Deadly Premonition is my all time favourite though. I'm a huge Twin Peaks fan, so that gives the game massive bonus points ^-^


----------



## GGTFM (Oct 7, 2014)

electra cute said:


> beyond 2 souls is like my favorite game forever and alwaysss.
> i also love zelda, and the persona series.
> but some of my favorites are childish games like pokemon, harvest moon and animal crossing c:


I love beyond two souls, my sister actually got me into that and heavy rain they're really great and underrated games.


----------



## GGTFM (Oct 7, 2014)

Sprocketjam said:


> I like story heavy games, so...
> 
> 1. The Last of Us
> 2. Ninja Theory games (yes, even DmC)
> ...


Since you're into story games (same here) have you tried the metal gear games? They really are amazing games you shouldn't miss out on.


----------



## GGTFM (Oct 7, 2014)

Ignopius said:


> Honestly I'm too lazy to list them all. I have just played too many.
> 
> Rn I have been mostly into League of Legends.

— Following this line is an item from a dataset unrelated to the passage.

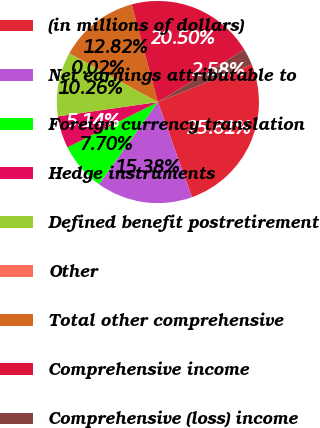<chart> <loc_0><loc_0><loc_500><loc_500><pie_chart><fcel>(in millions of dollars)<fcel>Net earnings attributable to<fcel>Foreign currency translation<fcel>Hedge instruments<fcel>Defined benefit postretirement<fcel>Other<fcel>Total other comprehensive<fcel>Comprehensive income<fcel>Comprehensive (loss) income<nl><fcel>25.62%<fcel>15.38%<fcel>7.7%<fcel>5.14%<fcel>10.26%<fcel>0.02%<fcel>12.82%<fcel>20.5%<fcel>2.58%<nl></chart>

I take it YOURE more of a pc gamer? What exclusives would you recommend, i plan on getting a pc in a few months mainly for the exclusives.


----------



## Ignopius (Mar 19, 2013)

GGTFM said:


> I take it YOURE more of a pc gamer? What exclusives would you recommend, i plan on getting a pc in a few months mainly for the exclusives.

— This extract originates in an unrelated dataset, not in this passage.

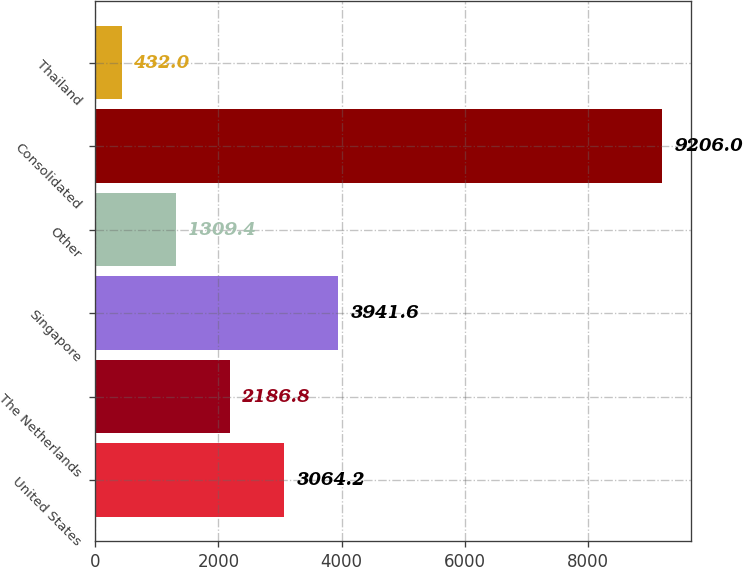Convert chart to OTSL. <chart><loc_0><loc_0><loc_500><loc_500><bar_chart><fcel>United States<fcel>The Netherlands<fcel>Singapore<fcel>Other<fcel>Consolidated<fcel>Thailand<nl><fcel>3064.2<fcel>2186.8<fcel>3941.6<fcel>1309.4<fcel>9206<fcel>432<nl></chart>

I mean there's probably a billion PC exclusives I don't play. Some of the games I like started out as exclusives and then went to the consoles. Any of the Half-Life games are worth playing. The Witcher and the Witcher 2 are both good. However, its hard for beginners to get into the first Witcher. It doesn't have the greatest gameplay and its a little clunky. I liked it for the atmosphere and the characters. The Portal games are both good. Diablo I have heard is a good. Anything from Blizzard is pretty popular.


----------



## ThisGirl15 (Mar 1, 2014)

Eh a lot :3 

1. The Kingdom Hearts series
2. The Final Fantasy Series
3. The Elder Scrolls series
4. Read Dead Redemption
5. L.A. Noire
6. GTA San Andreas and GTA 5
7. Silent Hill
8. The Dragon Age series
9. The Assassin's Creed series
10. Bioshock series
11. Infamous series
......and more


And a lot of strategy computer games like Total War, Civilization, and Middle Earth :3


----------



## GGTFM (Oct 7, 2014)

ThisGirl15 said:


> Eh a lot :3
> 
> 1. The Kingdom Hearts series
> 2. The Final Fantasy Series
> ...


I'm not a fan of the elder scrolls games, you see, to be into more open world RPGs have you tried deus ex human revolution and Ni no kuni wrath of the white witch? They're really amazing and very underrated.


----------



## Marlon (Jun 27, 2011)

I like multiplayer rts games. Fun to be competitive.


----------



## Sprocketjam (Feb 16, 2014)

GGTFM said:


> Since you're into story games (same here) have you tried the metal gear games? They really are amazing games you shouldn't miss out on.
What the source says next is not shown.